This section explains how to use UCS4 internal wide string encoding and locales for printing debug messages.
Filenames in filesystem can contain wide characters (e.g. UCS2 in vfat or UCS4 in NTFS), so conversion must support these filenames. We decided to use gconv (part of glibc) library to perform these conversions, because it supports all important encodings (internal UCS2/4, general UTF8 and a lot of proprietary charsets: ISO-8859-2,... including CP1250!).
We decided to use UCS4 encoding for internal puproses. UCS4 strings consist of characters 4 bytes long stored in Big Endian format. Strings are followed by final zero. All characters can be easily indexed, string length is obvious (size of array divided by 4 minus 1), and most importantly: this encoding contains all possible characters (2^32=4G).
If you want to convert multibyte strings (this is the general case, most
of encodings are just 1 byte -- iso-8859-2, but UTF8 uses
variable length,...), you must call iconv_open
. This function gets
2 charset names and returns handle for performing this type of
conversion:
iconv_t ih=iconv_open("UCS4","ISO-8859-2");
Handle should be closed by calling
iconv_close(ih);
If you want to convert a string from 1 encoding to another, call
iconv
function.
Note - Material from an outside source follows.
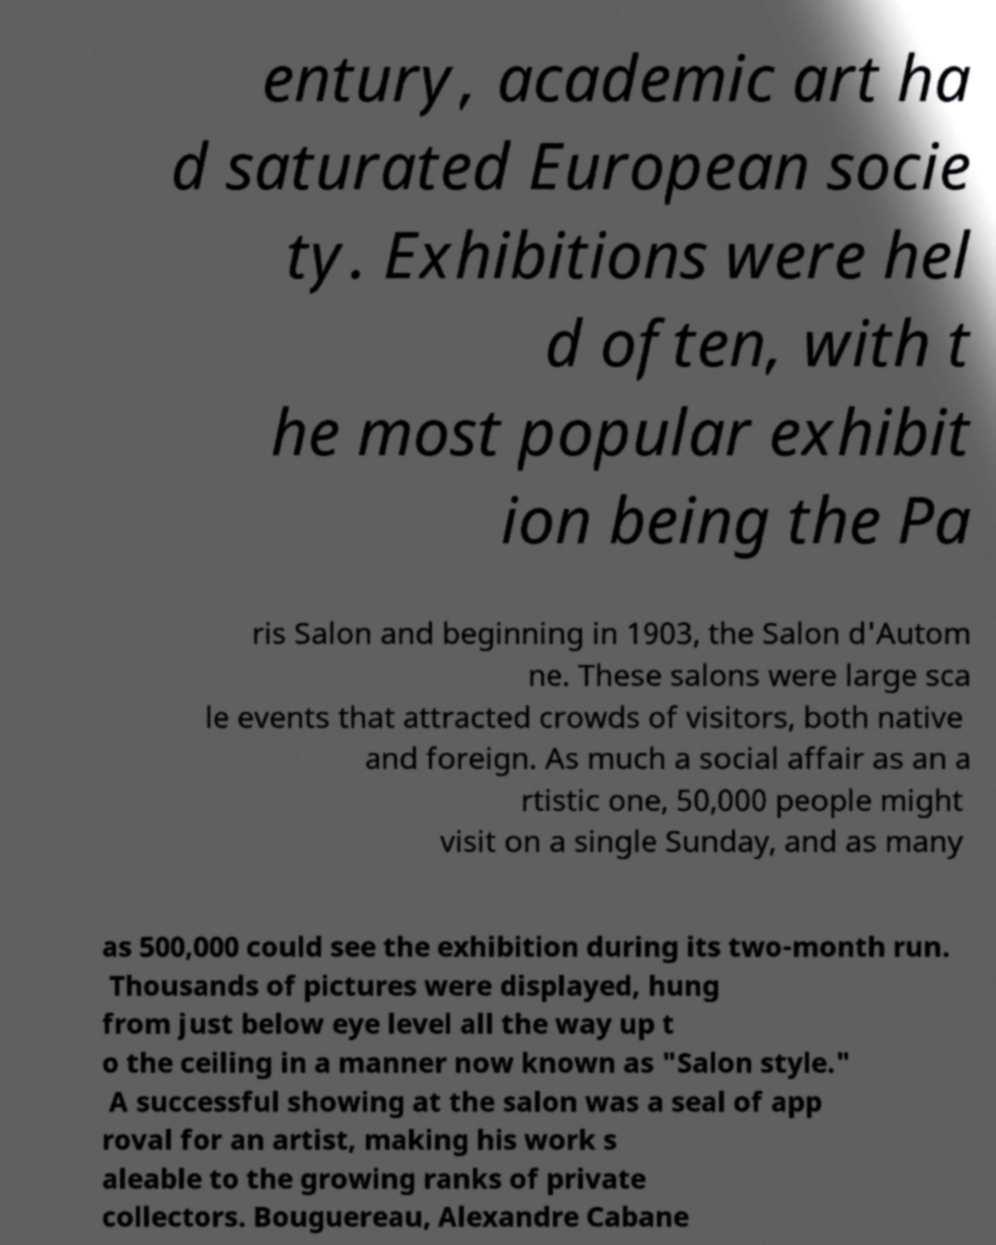There's text embedded in this image that I need extracted. Can you transcribe it verbatim? entury, academic art ha d saturated European socie ty. Exhibitions were hel d often, with t he most popular exhibit ion being the Pa ris Salon and beginning in 1903, the Salon d'Autom ne. These salons were large sca le events that attracted crowds of visitors, both native and foreign. As much a social affair as an a rtistic one, 50,000 people might visit on a single Sunday, and as many as 500,000 could see the exhibition during its two-month run. Thousands of pictures were displayed, hung from just below eye level all the way up t o the ceiling in a manner now known as "Salon style." A successful showing at the salon was a seal of app roval for an artist, making his work s aleable to the growing ranks of private collectors. Bouguereau, Alexandre Cabane

This function is very general, so you MUST read
info libc
documentation. It gets conversion handle, 2 pointers to
char*
strings and 2 pointers to their lengths. It tries to convert
as many characters as possible. Unfortunately it has one bug/feature:
It it finds invalid character (e.g. invalid multibyte sequence or
character which is not supported in target encoding), it returns an
error. The user MUST take care of it -- skip manually the character,
replace it,... You could look at ewstomb.c
source (my source for
priting at terminal using locales) -- I substitute these characters by
`?' character.
OK, imported filesystems read filenames in proprietary encoding (be
carefull of the endianity) and store filenames in UCS4 encoding.
Exported filesystems get filenames in UCS4 and convert into
proprietary encoding. The same function iconv
is used -- but with
another handle.
If you want to print the strings (for debugging purposes), you must
convert it to charset supported by terminal. Locales function are used
now. Use ewstomb
function (for user allocated strings) or
ewstomb_static
(it uses 512b static buffer). These functions get
UCS4 (Big Endian) string, convert the its endianity to processor
specific (unfortunately Low Endian on Intel) and convert it into
terminal charset.
To let it work well, locale_init()
MUST be called when program is
loaded -- it reads environment variables and sets correct charset,...
I'd like to tell that it really works if you set it: LC_CTYPE=cs
is
set in my computer (iso-8859-2 charset is used) and when I list
directories from my vfat partition (stored in UCS2 by Windows98),
all characters are displayed well (including Czech!!!).